(Records drawn from a dataset)

····················

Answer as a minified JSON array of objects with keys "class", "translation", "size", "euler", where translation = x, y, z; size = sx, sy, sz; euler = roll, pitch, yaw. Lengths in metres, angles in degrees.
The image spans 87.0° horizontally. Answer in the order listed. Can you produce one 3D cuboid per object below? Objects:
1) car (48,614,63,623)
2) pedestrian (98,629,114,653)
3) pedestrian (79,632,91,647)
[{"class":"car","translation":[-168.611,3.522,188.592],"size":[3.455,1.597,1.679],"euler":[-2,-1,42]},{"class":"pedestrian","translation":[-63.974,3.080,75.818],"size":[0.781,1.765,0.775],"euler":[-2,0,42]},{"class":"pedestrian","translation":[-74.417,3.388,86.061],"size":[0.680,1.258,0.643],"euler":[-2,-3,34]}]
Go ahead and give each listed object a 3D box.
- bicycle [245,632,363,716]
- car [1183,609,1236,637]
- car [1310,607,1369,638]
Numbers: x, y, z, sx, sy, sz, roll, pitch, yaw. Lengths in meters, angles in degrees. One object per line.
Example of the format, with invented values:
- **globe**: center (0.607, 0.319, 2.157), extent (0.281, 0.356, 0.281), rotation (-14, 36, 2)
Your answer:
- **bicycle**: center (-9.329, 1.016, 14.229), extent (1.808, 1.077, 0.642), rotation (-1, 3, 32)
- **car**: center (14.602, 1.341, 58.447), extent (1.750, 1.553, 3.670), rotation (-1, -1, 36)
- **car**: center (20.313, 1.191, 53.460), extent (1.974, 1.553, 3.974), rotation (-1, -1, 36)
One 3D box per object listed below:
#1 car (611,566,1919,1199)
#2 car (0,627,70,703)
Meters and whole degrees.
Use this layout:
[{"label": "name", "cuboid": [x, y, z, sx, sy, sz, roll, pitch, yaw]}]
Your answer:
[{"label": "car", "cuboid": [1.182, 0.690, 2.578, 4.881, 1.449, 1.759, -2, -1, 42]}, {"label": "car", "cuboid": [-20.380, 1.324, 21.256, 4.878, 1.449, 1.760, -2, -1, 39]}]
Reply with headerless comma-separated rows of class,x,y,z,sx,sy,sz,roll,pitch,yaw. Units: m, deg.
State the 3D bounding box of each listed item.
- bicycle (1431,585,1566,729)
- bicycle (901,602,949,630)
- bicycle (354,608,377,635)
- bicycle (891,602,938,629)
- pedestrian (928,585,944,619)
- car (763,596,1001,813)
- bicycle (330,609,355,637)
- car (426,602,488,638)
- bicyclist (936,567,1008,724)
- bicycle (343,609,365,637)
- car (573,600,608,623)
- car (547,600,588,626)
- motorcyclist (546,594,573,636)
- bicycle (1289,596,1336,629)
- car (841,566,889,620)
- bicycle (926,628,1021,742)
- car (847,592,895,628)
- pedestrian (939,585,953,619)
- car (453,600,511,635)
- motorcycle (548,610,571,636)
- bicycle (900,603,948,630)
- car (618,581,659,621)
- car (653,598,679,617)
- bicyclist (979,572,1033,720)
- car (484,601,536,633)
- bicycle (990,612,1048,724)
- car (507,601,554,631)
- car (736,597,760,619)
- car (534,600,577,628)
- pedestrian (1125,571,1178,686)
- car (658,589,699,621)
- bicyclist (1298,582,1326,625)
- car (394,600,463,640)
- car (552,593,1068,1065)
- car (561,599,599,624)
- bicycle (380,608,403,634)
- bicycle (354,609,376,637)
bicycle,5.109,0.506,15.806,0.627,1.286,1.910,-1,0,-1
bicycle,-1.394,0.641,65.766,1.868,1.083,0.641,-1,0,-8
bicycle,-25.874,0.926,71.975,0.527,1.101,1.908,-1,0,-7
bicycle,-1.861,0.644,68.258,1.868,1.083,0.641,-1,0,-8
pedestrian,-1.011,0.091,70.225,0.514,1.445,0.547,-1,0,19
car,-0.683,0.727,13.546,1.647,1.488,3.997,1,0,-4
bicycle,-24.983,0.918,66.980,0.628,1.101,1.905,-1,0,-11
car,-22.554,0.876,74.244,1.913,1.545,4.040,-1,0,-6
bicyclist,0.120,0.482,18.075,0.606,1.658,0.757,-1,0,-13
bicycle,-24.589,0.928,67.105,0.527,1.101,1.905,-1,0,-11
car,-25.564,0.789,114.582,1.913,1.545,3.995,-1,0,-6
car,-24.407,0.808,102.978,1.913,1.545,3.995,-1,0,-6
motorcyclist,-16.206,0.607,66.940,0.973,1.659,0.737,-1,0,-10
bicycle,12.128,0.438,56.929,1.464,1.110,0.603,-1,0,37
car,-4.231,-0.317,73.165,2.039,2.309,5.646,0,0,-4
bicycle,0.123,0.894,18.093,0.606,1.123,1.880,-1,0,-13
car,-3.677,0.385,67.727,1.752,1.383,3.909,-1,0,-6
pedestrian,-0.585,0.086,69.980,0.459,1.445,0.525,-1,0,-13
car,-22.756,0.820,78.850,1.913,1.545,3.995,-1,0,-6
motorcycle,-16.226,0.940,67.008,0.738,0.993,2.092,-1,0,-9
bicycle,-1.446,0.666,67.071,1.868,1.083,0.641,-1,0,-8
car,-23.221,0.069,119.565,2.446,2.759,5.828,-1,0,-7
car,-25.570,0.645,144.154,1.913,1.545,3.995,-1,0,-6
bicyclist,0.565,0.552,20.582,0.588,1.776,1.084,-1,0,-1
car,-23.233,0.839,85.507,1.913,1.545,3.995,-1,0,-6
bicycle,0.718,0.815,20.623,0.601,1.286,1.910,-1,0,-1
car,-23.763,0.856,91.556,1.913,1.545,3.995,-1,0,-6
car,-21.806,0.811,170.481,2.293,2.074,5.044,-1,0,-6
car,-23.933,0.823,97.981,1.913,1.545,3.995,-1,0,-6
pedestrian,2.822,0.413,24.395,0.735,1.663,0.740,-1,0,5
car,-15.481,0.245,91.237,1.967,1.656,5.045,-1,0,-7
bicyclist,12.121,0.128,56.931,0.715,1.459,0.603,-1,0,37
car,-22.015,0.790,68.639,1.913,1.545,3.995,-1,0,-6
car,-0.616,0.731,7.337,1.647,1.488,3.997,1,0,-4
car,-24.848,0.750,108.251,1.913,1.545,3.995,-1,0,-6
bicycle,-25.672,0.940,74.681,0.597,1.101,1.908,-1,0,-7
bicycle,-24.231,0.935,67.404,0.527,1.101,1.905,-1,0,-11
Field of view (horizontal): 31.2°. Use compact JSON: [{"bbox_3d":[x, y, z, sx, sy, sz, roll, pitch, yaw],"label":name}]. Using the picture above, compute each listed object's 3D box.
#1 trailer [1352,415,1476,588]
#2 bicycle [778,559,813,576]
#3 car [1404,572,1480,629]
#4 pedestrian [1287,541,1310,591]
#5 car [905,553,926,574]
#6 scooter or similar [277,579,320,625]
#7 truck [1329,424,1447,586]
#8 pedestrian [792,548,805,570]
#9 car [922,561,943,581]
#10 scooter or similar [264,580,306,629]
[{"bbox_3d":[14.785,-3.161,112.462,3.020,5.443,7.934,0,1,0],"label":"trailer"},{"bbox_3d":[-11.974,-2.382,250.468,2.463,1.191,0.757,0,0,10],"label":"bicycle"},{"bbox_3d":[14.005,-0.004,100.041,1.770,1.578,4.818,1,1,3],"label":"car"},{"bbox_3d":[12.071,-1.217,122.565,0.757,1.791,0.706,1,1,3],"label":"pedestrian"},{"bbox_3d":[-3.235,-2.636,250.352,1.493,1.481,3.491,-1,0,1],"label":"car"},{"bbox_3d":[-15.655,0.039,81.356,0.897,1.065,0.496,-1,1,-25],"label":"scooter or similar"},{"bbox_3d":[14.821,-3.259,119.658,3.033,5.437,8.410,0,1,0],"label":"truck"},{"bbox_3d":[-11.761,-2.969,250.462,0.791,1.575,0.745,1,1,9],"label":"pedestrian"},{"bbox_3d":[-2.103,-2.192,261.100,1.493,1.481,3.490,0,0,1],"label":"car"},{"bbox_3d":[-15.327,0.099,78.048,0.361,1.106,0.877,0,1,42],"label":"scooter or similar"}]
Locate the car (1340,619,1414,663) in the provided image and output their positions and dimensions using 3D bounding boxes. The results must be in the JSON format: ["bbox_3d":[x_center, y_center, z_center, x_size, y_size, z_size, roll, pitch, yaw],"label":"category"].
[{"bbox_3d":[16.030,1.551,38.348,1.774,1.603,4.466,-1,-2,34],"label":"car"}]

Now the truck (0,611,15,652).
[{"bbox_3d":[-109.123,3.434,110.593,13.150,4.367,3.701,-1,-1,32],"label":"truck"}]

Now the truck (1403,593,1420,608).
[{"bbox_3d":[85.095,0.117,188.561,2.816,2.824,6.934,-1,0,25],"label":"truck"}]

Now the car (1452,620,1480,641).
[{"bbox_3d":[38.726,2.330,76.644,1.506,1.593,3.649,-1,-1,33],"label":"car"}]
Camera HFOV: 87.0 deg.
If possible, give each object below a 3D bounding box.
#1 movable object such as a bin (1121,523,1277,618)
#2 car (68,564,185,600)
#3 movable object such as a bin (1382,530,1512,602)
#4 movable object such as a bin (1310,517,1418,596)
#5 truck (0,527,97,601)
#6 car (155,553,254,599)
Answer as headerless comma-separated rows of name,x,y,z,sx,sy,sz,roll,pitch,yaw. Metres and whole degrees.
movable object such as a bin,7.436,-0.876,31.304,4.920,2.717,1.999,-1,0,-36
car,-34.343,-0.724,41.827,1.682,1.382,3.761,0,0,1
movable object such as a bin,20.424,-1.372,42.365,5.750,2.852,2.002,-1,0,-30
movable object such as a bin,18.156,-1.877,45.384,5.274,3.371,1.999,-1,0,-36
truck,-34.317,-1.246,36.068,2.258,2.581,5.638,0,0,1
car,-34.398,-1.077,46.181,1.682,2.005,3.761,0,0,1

····················

What you should do:
Please return every line of the records above that contains the word "below".

Result for this task:
The image spans 87.0° horizontally. Answer in the order listed. Can you produce one 3D cuboid per object below? Objects:
One 3D box per object listed below:
If possible, give each object below a 3D bounding box.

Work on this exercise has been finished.